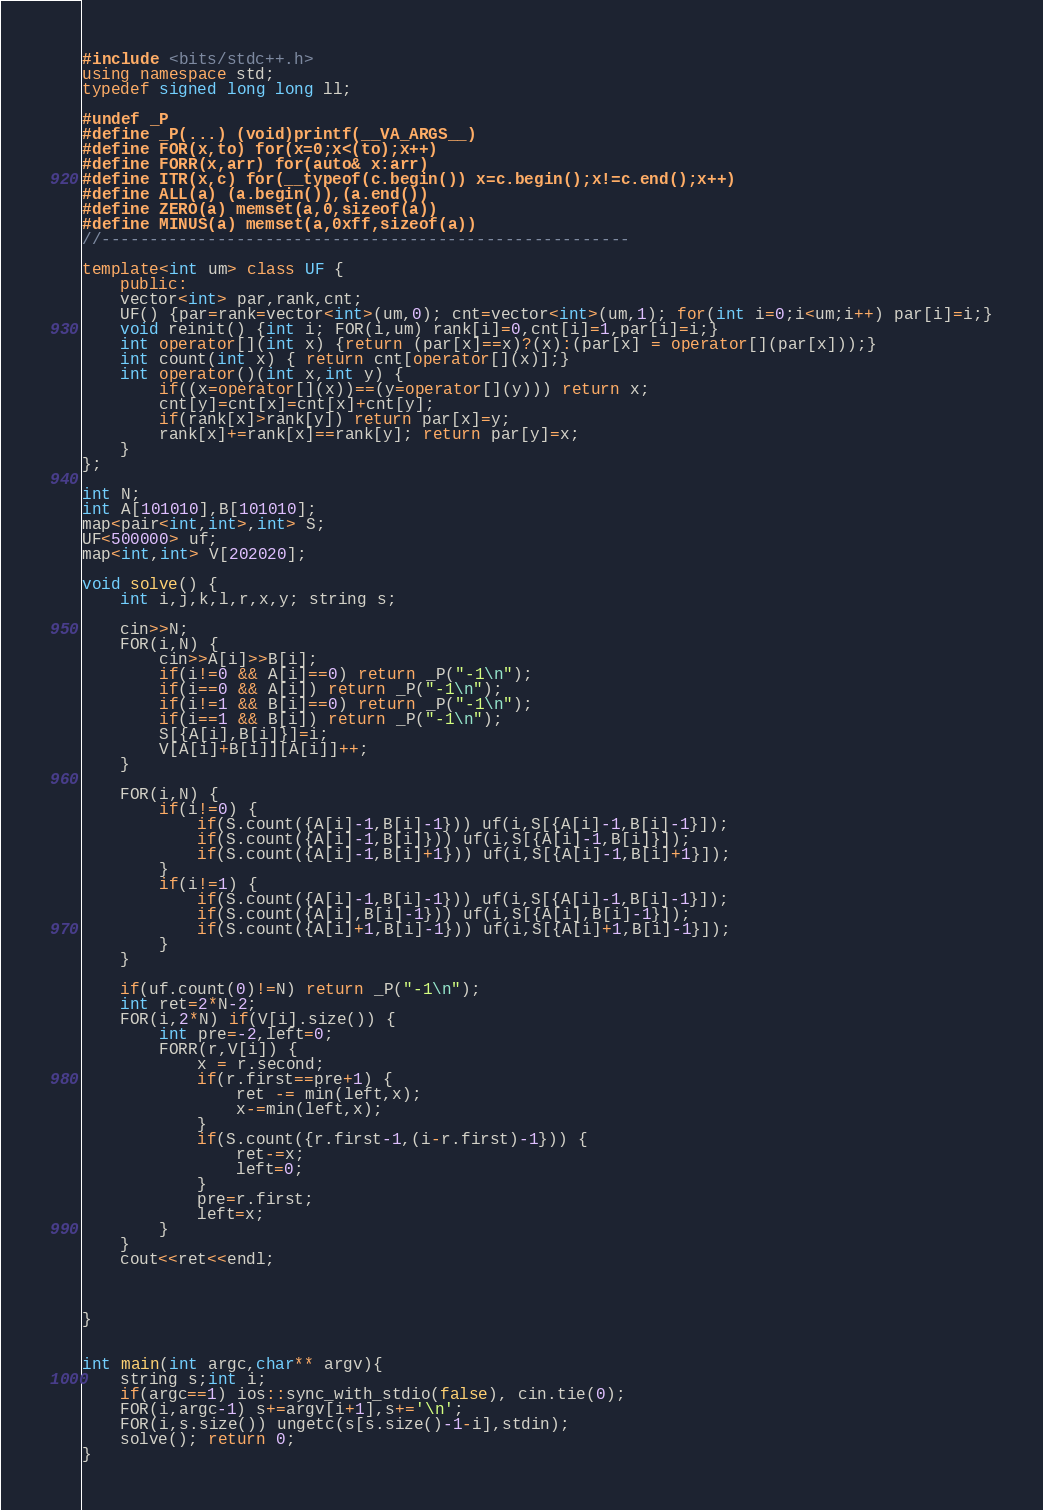<code> <loc_0><loc_0><loc_500><loc_500><_C++_>#include <bits/stdc++.h>
using namespace std;
typedef signed long long ll;

#undef _P
#define _P(...) (void)printf(__VA_ARGS__)
#define FOR(x,to) for(x=0;x<(to);x++)
#define FORR(x,arr) for(auto& x:arr)
#define ITR(x,c) for(__typeof(c.begin()) x=c.begin();x!=c.end();x++)
#define ALL(a) (a.begin()),(a.end())
#define ZERO(a) memset(a,0,sizeof(a))
#define MINUS(a) memset(a,0xff,sizeof(a))
//-------------------------------------------------------

template<int um> class UF {
	public:
	vector<int> par,rank,cnt;
	UF() {par=rank=vector<int>(um,0); cnt=vector<int>(um,1); for(int i=0;i<um;i++) par[i]=i;}
	void reinit() {int i; FOR(i,um) rank[i]=0,cnt[i]=1,par[i]=i;}
	int operator[](int x) {return (par[x]==x)?(x):(par[x] = operator[](par[x]));}
	int count(int x) { return cnt[operator[](x)];}
	int operator()(int x,int y) {
		if((x=operator[](x))==(y=operator[](y))) return x;
		cnt[y]=cnt[x]=cnt[x]+cnt[y];
		if(rank[x]>rank[y]) return par[x]=y;
		rank[x]+=rank[x]==rank[y]; return par[y]=x;
	}
};

int N;
int A[101010],B[101010];
map<pair<int,int>,int> S;
UF<500000> uf;
map<int,int> V[202020];

void solve() {
	int i,j,k,l,r,x,y; string s;
	
	cin>>N;
	FOR(i,N) {
		cin>>A[i]>>B[i];
		if(i!=0 && A[i]==0) return _P("-1\n");
		if(i==0 && A[i]) return _P("-1\n");
		if(i!=1 && B[i]==0) return _P("-1\n");
		if(i==1 && B[i]) return _P("-1\n");
		S[{A[i],B[i]}]=i;
		V[A[i]+B[i]][A[i]]++;
	}
	
	FOR(i,N) {
		if(i!=0) {
			if(S.count({A[i]-1,B[i]-1})) uf(i,S[{A[i]-1,B[i]-1}]);
			if(S.count({A[i]-1,B[i]})) uf(i,S[{A[i]-1,B[i]}]);
			if(S.count({A[i]-1,B[i]+1})) uf(i,S[{A[i]-1,B[i]+1}]);
		}
		if(i!=1) {
			if(S.count({A[i]-1,B[i]-1})) uf(i,S[{A[i]-1,B[i]-1}]);
			if(S.count({A[i],B[i]-1})) uf(i,S[{A[i],B[i]-1}]);
			if(S.count({A[i]+1,B[i]-1})) uf(i,S[{A[i]+1,B[i]-1}]);
		}
	}
	
	if(uf.count(0)!=N) return _P("-1\n");
	int ret=2*N-2;
	FOR(i,2*N) if(V[i].size()) {
		int pre=-2,left=0;
		FORR(r,V[i]) {
			x = r.second;
			if(r.first==pre+1) {
				ret -= min(left,x);
				x-=min(left,x);
			}
			if(S.count({r.first-1,(i-r.first)-1})) {
				ret-=x;
				left=0;
			}
			pre=r.first;
			left=x;
		}
	}
	cout<<ret<<endl;
	
	
	
}


int main(int argc,char** argv){
	string s;int i;
	if(argc==1) ios::sync_with_stdio(false), cin.tie(0);
	FOR(i,argc-1) s+=argv[i+1],s+='\n';
	FOR(i,s.size()) ungetc(s[s.size()-1-i],stdin);
	solve(); return 0;
}
</code>

=-=-=-=-=

■ Task statement: Transcribe the entries above exactly, from their first line through the line with "cnt=vector<int>(um,1); for(int i=0;i<um;i++)", and omit all pictures.

■ Solution to the problem:
<code> <loc_0><loc_0><loc_500><loc_500><_C++_>#include <bits/stdc++.h>
using namespace std;
typedef signed long long ll;

#undef _P
#define _P(...) (void)printf(__VA_ARGS__)
#define FOR(x,to) for(x=0;x<(to);x++)
#define FORR(x,arr) for(auto& x:arr)
#define ITR(x,c) for(__typeof(c.begin()) x=c.begin();x!=c.end();x++)
#define ALL(a) (a.begin()),(a.end())
#define ZERO(a) memset(a,0,sizeof(a))
#define MINUS(a) memset(a,0xff,sizeof(a))
//-------------------------------------------------------

template<int um> class UF {
	public:
	vector<int> par,rank,cnt;
	UF() {par=rank=vector<int>(um,0); cnt=vector<int>(um,1); for(int i=0;i<um;i++) par[i]=i;}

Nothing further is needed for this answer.